• **WHAT NEEDS TO BE DONE**
Images excluded, reproduce each line of the records exactly as it stands.

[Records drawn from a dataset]
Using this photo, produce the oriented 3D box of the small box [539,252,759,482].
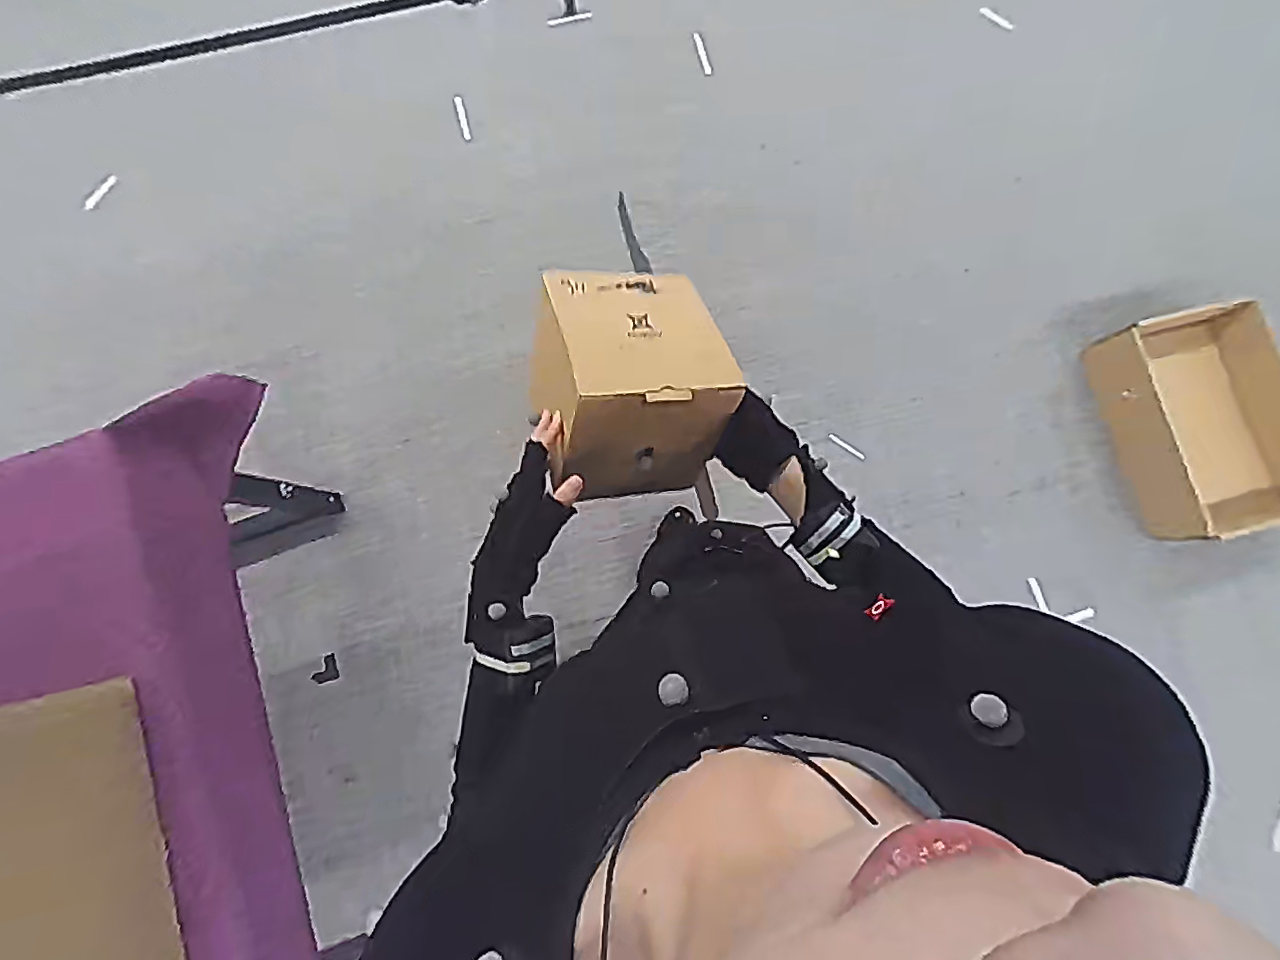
[{"bbox_3d":[-0.007,-0.110,0.568,0.168,0.176,0.179,-5,59,-20],"label":"small box"}]
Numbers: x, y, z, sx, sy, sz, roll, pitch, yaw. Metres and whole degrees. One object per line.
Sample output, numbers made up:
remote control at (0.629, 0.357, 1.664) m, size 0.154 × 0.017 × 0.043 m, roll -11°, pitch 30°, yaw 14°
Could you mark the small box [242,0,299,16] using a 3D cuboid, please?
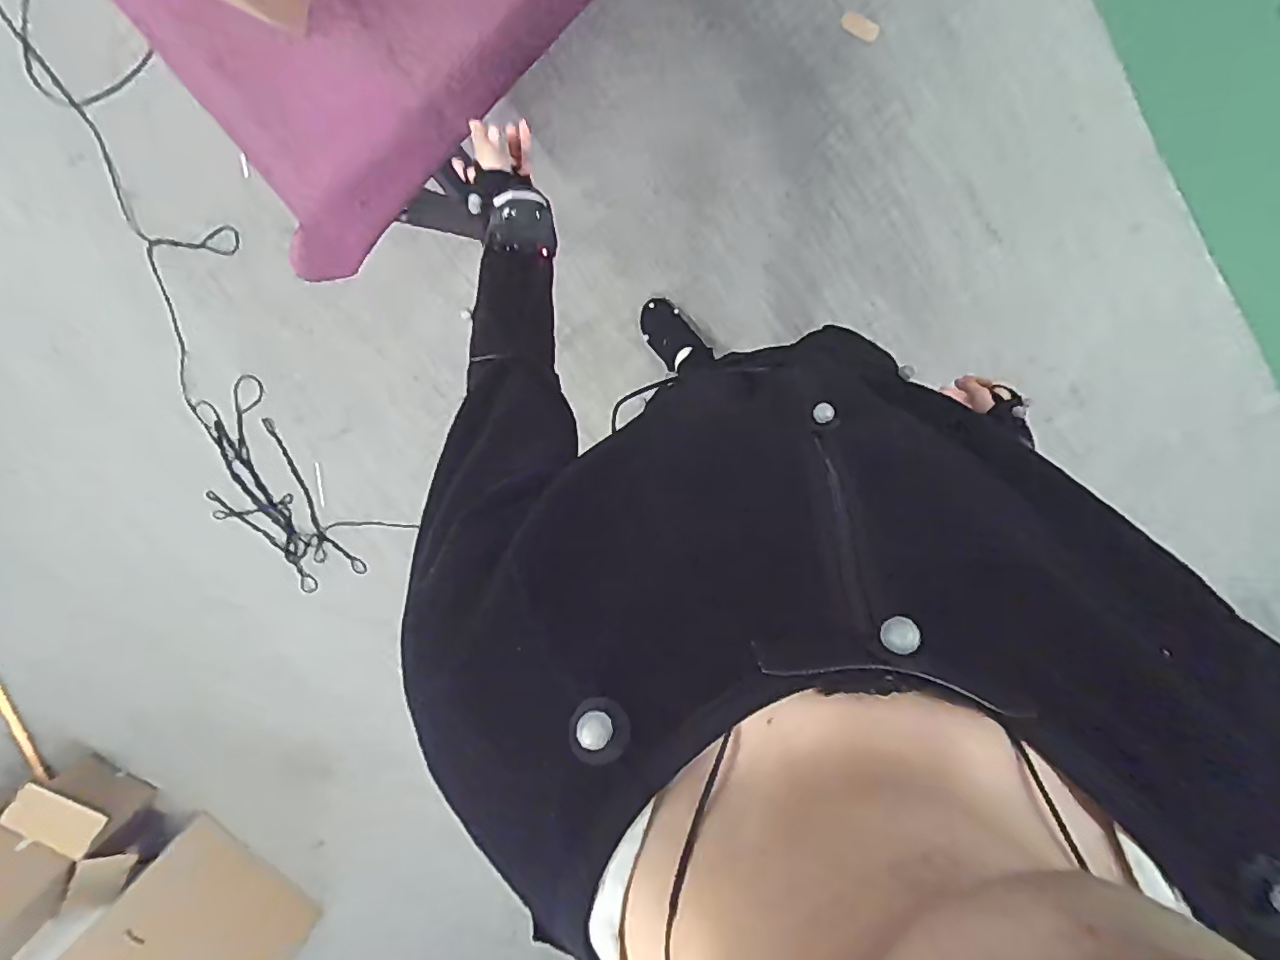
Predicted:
small box at (-0.449, -0.600, 0.516) m, size 0.179 × 0.176 × 0.168 m, roll 25°, pitch 110°, yaw -5°
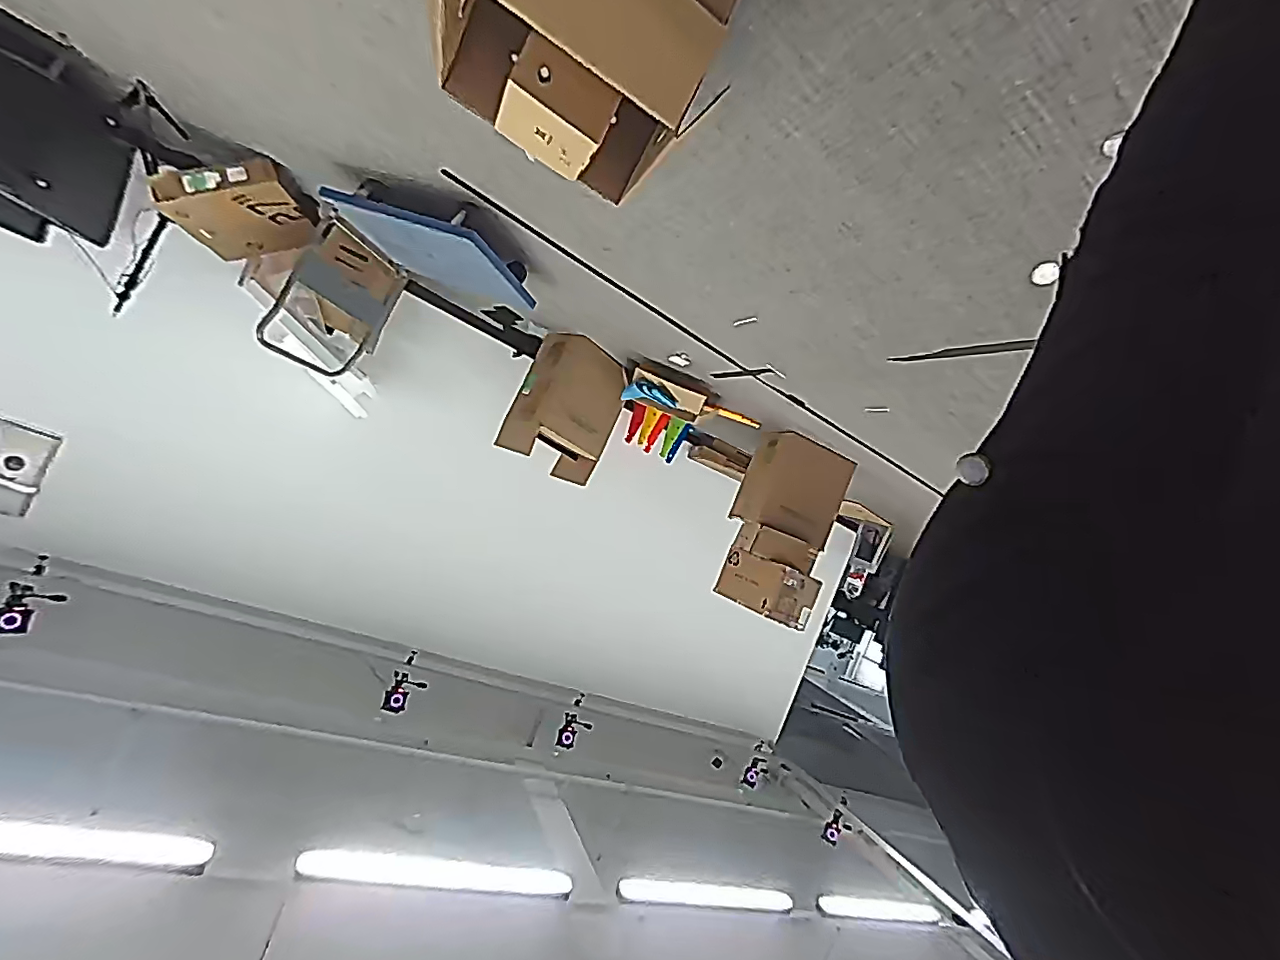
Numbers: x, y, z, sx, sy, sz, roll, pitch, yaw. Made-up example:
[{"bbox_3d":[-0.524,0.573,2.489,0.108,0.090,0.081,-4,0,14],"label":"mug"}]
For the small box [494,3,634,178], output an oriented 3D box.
[{"bbox_3d":[-0.140,-0.706,0.987,0.179,0.176,0.168,25,176,-24],"label":"small box"}]
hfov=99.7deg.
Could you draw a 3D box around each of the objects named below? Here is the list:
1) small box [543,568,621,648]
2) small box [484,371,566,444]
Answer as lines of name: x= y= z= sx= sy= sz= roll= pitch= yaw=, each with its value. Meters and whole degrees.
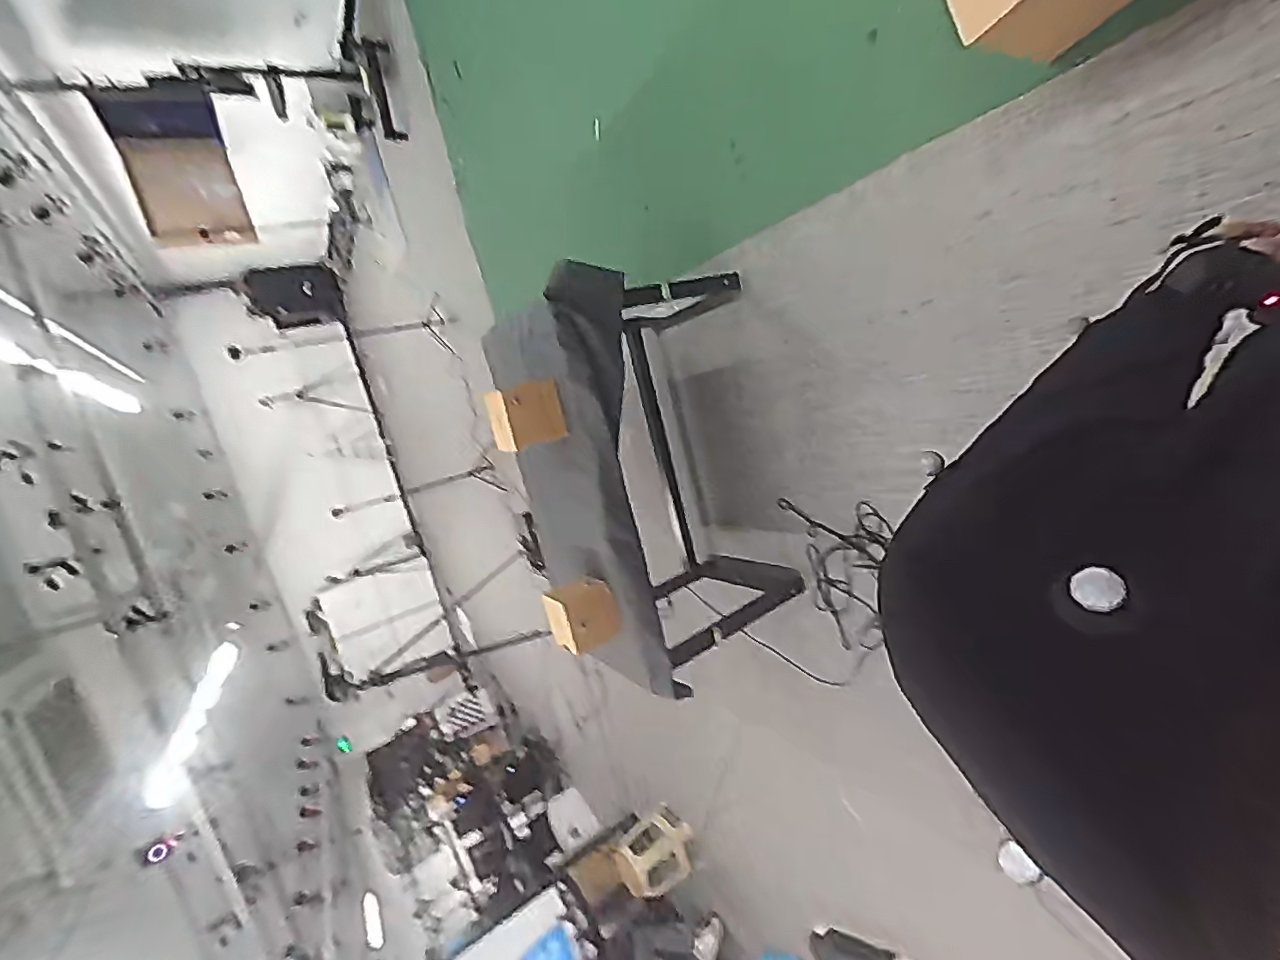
small box: x=-0.181 y=0.399 z=1.714 sx=0.168 sy=0.176 sz=0.179 roll=-1 pitch=105 yaw=58
small box: x=-0.337 y=-0.214 z=1.597 sx=0.168 sy=0.176 sz=0.179 roll=6 pitch=113 yaw=58

• **WRITTEN REPLY**
Using this photo, produce the oriented 3D box of the small box [539,252,759,482].
[{"bbox_3d":[-0.007,-0.110,0.568,0.168,0.176,0.179,-5,59,-20],"label":"small box"}]
Numbers: x, y, z, sx, sy, sz, roll, pitch, yaw. Metres and whole degrees. One object per line.
Sample output, numbers made up:
remote control at (0.629, 0.357, 1.664) m, size 0.154 × 0.017 × 0.043 m, roll -11°, pitch 30°, yaw 14°
Could you mark the small box [242,0,299,16] using a 3D cuboid, please?
Predicted:
small box at (-0.449, -0.600, 0.516) m, size 0.179 × 0.176 × 0.168 m, roll 25°, pitch 110°, yaw -5°
Numbers: x, y, z, sx, sy, sz, roll, pitch, yaw. Made-up example:
[{"bbox_3d":[-0.524,0.573,2.489,0.108,0.090,0.081,-4,0,14],"label":"mug"}]
For the small box [494,3,634,178], output an oriented 3D box.
[{"bbox_3d":[-0.140,-0.706,0.987,0.179,0.176,0.168,25,176,-24],"label":"small box"}]
hfov=99.7deg.
Could you draw a 3D box around each of the objects named below? Here is the list:
1) small box [543,568,621,648]
2) small box [484,371,566,444]
Answer as lines of name: x= y= z= sx= sy= sz= roll= pitch= yaw=, each with its value. Meters and whole degrees.
small box: x=-0.181 y=0.399 z=1.714 sx=0.168 sy=0.176 sz=0.179 roll=-1 pitch=105 yaw=58
small box: x=-0.337 y=-0.214 z=1.597 sx=0.168 sy=0.176 sz=0.179 roll=6 pitch=113 yaw=58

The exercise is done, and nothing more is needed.